I photographed this signal box one weekday morning in May. I was coming out of the post office at the head of Oxford Street, annual runway for Sydney’s world-famous Gay and Lesbian Mardi Gras, and as I was crossing the street to get to Hyde Park, juggling my shipment of a brand new product—(more on that to come, chers lecteurs)—I was struck by this traffic signal box, one of three, looming towards me from the opposite sidewalk.
Despite having my arms full and nothing but my phone on me, I had to get a shot, sensing, ‘détective des belles choses’ that I am, that there was a clue for me in the message graphed on the side of this signal box.
I was not wrong.
“The Price”, the short story that eventually emerged two months later out of the image above, is an example of one of my literary crime ficciones, what I am calling the ‘nouvelle démeublée noire’—literally, the ‘unfurnished dark short story’.
Basically, the concept of the nouvelle démeublée I’m pioneering is a synthesis of the principles of the French Nouveau Roman (or ‘New Novel’) combined with Willa Cather’s notion of a ‘novel démeublé’ or ‘unfurnished’ novel.
Whatever is felt upon the page without being specifically named there—that, it seems to me, is created. It is the inexplicable presence of the thing not named, of the over-tone divined by the ear but not heard by it, the verbal mood, the emotional aura of the fact or the thing or the deed, that gives high quality to the novel or the drama, as well as to poetry itself.
—Willa Cather, “The Novel Démeublé”, The New Republic (April 12, 1922)
Though I am writing with respect to the French Nouveau Roman, I call these ‘unfurnished’ pieces in which something unsaid is nevertheless felt by the reader as a mood of ambiguity nouvelles démeublées because nouvelles nouvelles (literally, ‘new short stories’) just doesn’t make sense in French.
Last year, French literature celebrated the hundredth anniversary of the birth of Alain Robbe-Grillet, whose violently abstracted and anti-human style I take as my guiding light in the composition of these pieces, while 2023 marks the seventieth anniversary of a landmark event in modern letters: the first publication of a Robbe-Grillet novel, Les Gommes (The Erasers, 1953).
It’s difficult to convey what a scandal Les Gommes represented, first in French literature, then in English, as Robbe-Grillet’s literary influence as the ‘chef d’école’ of the Nouveau Roman was absorbed into Anglophonic culture—particularly in the U.S., where he enjoyed some celebrity as an avant-garde novelist and filmmaker in the sixties.
The apparition of Robbe-Grillet on the literary scene in 1953 represented the emergence of a literary pill that was particularly bitter and difficult to digest even for the most ‘modern’ sensibilities, and the publication of Les Gommes is one of those red-letter moments in twentieth-century history where a writer definitively crosses a boundary of taste that was previously believed to be uncrossable.

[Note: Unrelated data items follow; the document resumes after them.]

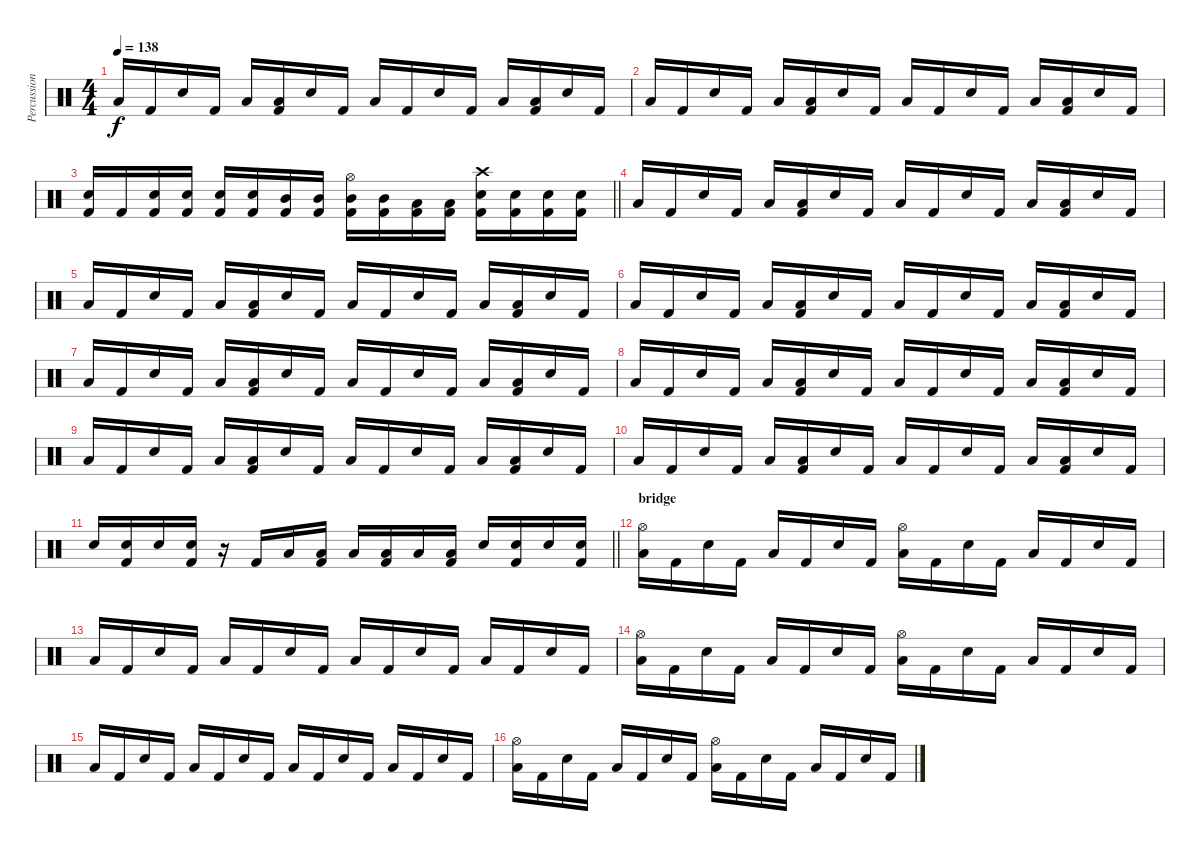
\track ("Percussion" "Percussion") {instrument percussion}
\staff {score}
\articulation defaults
\ts (4 4)
\tempo 138
\clef neutral
\ks c "Low Tom (hit)".16{dy f} "Kick (hit) 2".16 "Snare (hit) 2".16 "Kick (hit) 2".16 "Low Tom (hit)".16
("Low Tom (hit)" "Kick (hit) 2").16 "Snare (hit) 2".16 "Kick (hit) 2".16 "Low Tom (hit)".16 "Kick (hit) 2".16 "Snare (hit) 2".16 "Kick (hit) 2".16 "Low Tom (hit)".16 ("Low Tom (hit)" "Kick (hit) 2").16 "Snare (hit) 2".16 "Kick (hit) 2".16 |
"Low Tom (hit)".16 "Kick (hit) 2".16 "Snare (hit) 2".16 "Kick (hit) 2".16 "Low Tom (hit)".16 ("Low Tom (hit)" "Kick (hit) 2").16 "Snare (hit) 2".16 "Kick (hit) 2".16 "Low Tom (hit)".16 "Kick (hit) 2".16 "Snare (hit) 2".16 "Kick (hit) 2".16 "Low Tom (hit)".16 ("Low Tom (hit)" "Kick (hit) 2").16 "Snare (hit) 2".16 "Kick (hit) 2".16 |
\barLineRight lightlight
("Snare (hit) 2" "Kick (hit) 2").16 "Kick (hit) 2".16 ("Snare (hit) 2" "Kick (hit) 2").16 ("Snare (hit) 2" "Kick (hit) 2").16 ("Snare (hit) 2" "Kick (hit) 2").16 ("Snare (hit) 2" "Kick (hit) 2").16 ("Mid Tom (hit)" "Kick (hit) 2").16 ("Mid Tom (hit)" "Kick (hit) 2").16 ("Hi-Hat (open)" "Mid Tom (hit)" "Kick (hit) 2").16 ("Mid Tom (hit)" "Kick (hit) 2").16 ("Low Tom (hit)" "Kick (hit) 2").16 ("Low Tom (hit)" "Kick (hit) 2").16 ("Crash high (hit)" "Snare (hit) 2" "Kick (hit) 2").16 ("Snare (hit) 2" "Kick (hit) 2").16 ("Snare (hit) 2" "Kick (hit) 2").16 ("Snare (hit) 2" "Kick (hit) 2").16 |
"Low Tom (hit)".16 "Kick (hit) 2".16 "Snare (hit) 2".16 "Kick (hit) 2".16 "Low Tom (hit)".16 ("Low Tom (hit)" "Kick (hit) 2").16 "Snare (hit) 2".16 "Kick (hit) 2".16 "Low Tom (hit)".16 "Kick (hit) 2".16 "Snare (hit) 2".16 "Kick (hit) 2".16 "Low Tom (hit)".16 ("Low Tom (hit)" "Kick (hit) 2").16 "Snare (hit) 2".16 "Kick (hit) 2".16 |
"Low Tom (hit)".16 "Kick (hit) 2".16 "Snare (hit) 2".16 "Kick (hit) 2".16 "Low Tom (hit)".16 ("Low Tom (hit)" "Kick (hit) 2").16 "Snare (hit) 2".16 "Kick (hit) 2".16 "Low Tom (hit)".16 "Kick (hit) 2".16 "Snare (hit) 2".16 "Kick (hit) 2".16 "Low Tom (hit)".16 ("Low Tom (hit)" "Kick (hit) 2").16 "Snare (hit) 2".16 "Kick (hit) 2".16 |
"Low Tom (hit)".16 "Kick (hit) 2".16 "Snare (hit) 2".16 "Kick (hit) 2".16 "Low Tom (hit)".16 ("Low Tom (hit)" "Kick (hit) 2").16 "Snare (hit) 2".16 "Kick (hit) 2".16 "Low Tom (hit)".16 "Kick (hit) 2".16 "Snare (hit) 2".16 "Kick (hit) 2".16 "Low Tom (hit)".16 ("Low Tom (hit)" "Kick (hit) 2").16 "Snare (hit) 2".16 "Kick (hit) 2".16 |
"Low Tom (hit)".16 "Kick (hit) 2".16 "Snare (hit) 2".16 "Kick (hit) 2".16 "Low Tom (hit)".16 ("Low Tom (hit)" "Kick (hit) 2").16 "Snare (hit) 2".16 "Kick (hit) 2".16 "Low Tom (hit)".16 "Kick (hit) 2".16 "Snare (hit) 2".16 "Kick (hit) 2".16 "Low Tom (hit)".16 ("Low Tom (hit)" "Kick (hit) 2").16 "Snare (hit) 2".16 "Kick (hit) 2".16 |
"Low Tom (hit)".16 "Kick (hit) 2".16 "Snare (hit) 2".16 "Kick (hit) 2".16 "Low Tom (hit)".16 ("Low Tom (hit)" "Kick (hit) 2").16 "Snare (hit) 2".16 "Kick (hit) 2".16 "Low Tom (hit)".16 "Kick (hit) 2".16 "Snare (hit) 2".16 "Kick (hit) 2".16 "Low Tom (hit)".16 ("Low Tom (hit)" "Kick (hit) 2").16 "Snare (hit) 2".16 "Kick (hit) 2".16 |
"Low Tom (hit)".16 "Kick (hit) 2".16 "Snare (hit) 2".16 "Kick (hit) 2".16 "Low Tom (hit)".16 ("Low Tom (hit)" "Kick (hit) 2").16 "Snare (hit) 2".16 "Kick (hit) 2".16 "Low Tom (hit)".16 "Kick (hit) 2".16 "Snare (hit) 2".16 "Kick (hit) 2".16 "Low Tom (hit)".16 ("Low Tom (hit)" "Kick (hit) 2").16 "Snare (hit) 2".16 "Kick (hit) 2".16 |
"Low Tom (hit)".16 "Kick (hit) 2".16 "Snare (hit) 2".16 "Kick (hit) 2".16 "Low Tom (hit)".16 ("Low Tom (hit)" "Kick (hit) 2").16 "Snare (hit) 2".16 "Kick (hit) 2".16 "Low Tom (hit)".16 "Kick (hit) 2".16 "Snare (hit) 2".16 "Kick (hit) 2".16 "Low Tom (hit)".16 ("Low Tom (hit)" "Kick (hit) 2").16 "Snare (hit) 2".16 "Kick (hit) 2".16 |
\barLineRight lightlight "Snare (hit) 2".16
("Snare (hit) 2" "Kick (hit) 2").16 "Snare (hit) 2".16 ("Snare (hit) 2" "Kick (hit) 2").16 r.16 "Kick (hit) 2".16 "Low Tom (hit)".16 ("Low Tom (hit)" "Kick (hit) 2").16 "Low Tom (hit)".16 ("Low Tom (hit)" "Kick (hit) 2").16 "Low Tom (hit)".16 ("Low Tom (hit)" "Kick (hit) 2").16 "Snare (hit) 2".16 ("Snare (hit) 2" "Kick (hit) 2").16 "Snare (hit) 2".16 ("Snare (hit) 2" "Kick (hit) 2").16 |
\section ("" "bridge")
("Hi-Hat (open)" "Low Tom (hit)").16 "Kick (hit) 2".16 "Snare (hit) 2".16 "Kick (hit) 2".16 "Low Tom (hit)".16 "Kick (hit) 2".16 "Snare (hit) 2".16 "Kick (hit) 2".16 ("Hi-Hat (open)" "Low Tom (hit)").16 "Kick (hit) 2".16 "Snare (hit) 2".16 "Kick (hit) 2".16 "Low Tom (hit)".16 "Kick (hit) 2".16 "Snare (hit) 2".16 "Kick (hit) 2".16 |
"Low Tom (hit)".16 "Kick (hit) 2".16 "Snare (hit) 2".16 "Kick (hit) 2".16 "Low Tom (hit)".16 "Kick (hit) 2".16 "Snare (hit) 2".16 "Kick (hit) 2".16 "Low Tom (hit)".16 "Kick (hit) 2".16 "Snare (hit) 2".16 "Kick (hit) 2".16 "Low Tom (hit)".16 "Kick (hit) 2".16 "Snare (hit) 2".16 "Kick (hit) 2".16 |
("Hi-Hat (open)" "Low Tom (hit)").16 "Kick (hit) 2".16 "Snare (hit) 2".16 "Kick (hit) 2".16 "Low Tom (hit)".16 "Kick (hit) 2".16 "Snare (hit) 2".16 "Kick (hit) 2".16 ("Hi-Hat (open)" "Low Tom (hit)").16 "Kick (hit) 2".16 "Snare (hit) 2".16 "Kick (hit) 2".16 "Low Tom (hit)".16 "Kick (hit) 2".16 "Snare (hit) 2".16 "Kick (hit) 2".16 |
"Low Tom (hit)".16 "Kick (hit) 2".16 "Snare (hit) 2".16 "Kick (hit) 2".16 "Low Tom (hit)".16 "Kick (hit) 2".16 "Snare (hit) 2".16 "Kick (hit) 2".16 "Low Tom (hit)".16 "Kick (hit) 2".16 "Snare (hit) 2".16 "Kick (hit) 2".16 "Low Tom (hit)".16 "Kick (hit) 2".16 "Snare (hit) 2".16 "Kick (hit) 2".16 |
("Hi-Hat (open)" "Low Tom (hit)").16 "Kick (hit) 2".16 "Snare (hit) 2".16 "Kick (hit) 2".16 "Low Tom (hit)".16 "Kick (hit) 2".16 "Snare (hit) 2".16 "Kick (hit) 2".16 ("Hi-Hat (open)" "Low Tom (hit)").16 "Kick (hit) 2".16 "Snare (hit) 2".16 "Kick (hit) 2".16 "Low Tom (hit)".16 "Kick (hit) 2".16 "Snare (hit) 2".16 "Kick (hit) 2".16

While Borges flirts with postmodernism in the thirties and forties, dancing on the threshold of it, it is Robbe-Grillet, in Les Gommes, who boldly and definitively steps through that portal into a vertiginous realm of infinite ambiguity and uncertainty, of radical scepticism and doubt.
Where Joyce’s Ulysses (1922) marks the frontier of modernism, the line in the sand after which nothing can be written that isn’t fundamentally ‘modern’ in its sensibility and style, Les Gommes marks the red line of postmodernism, a definite break with the modern tradition; and after its publication in 1953, we cannot ‘unsee’ the world as Robbe-Grillet shows it to us in that novel—as inhuman as his vision is to many readers, and as much as literature has sought to beat a cowardly retreat from the frontier of the Nouveau Roman he leads us up to.
Les Gommes owes a substantial debt to Ulysses: like Joyce’s novel, it transpires over the course of 24 hours, and like Ulysses, there is an archetypal mythic structure buried in Les Gommes. But where Joyce takes Homer’s Odyssey as the structural basis for Leopold Bloom’s flânerie around Dublin on June 16, 1904, Robbe-Grillet turns instead to Sophocles and the archetypal detective story of Western literature—Œdipus Rex.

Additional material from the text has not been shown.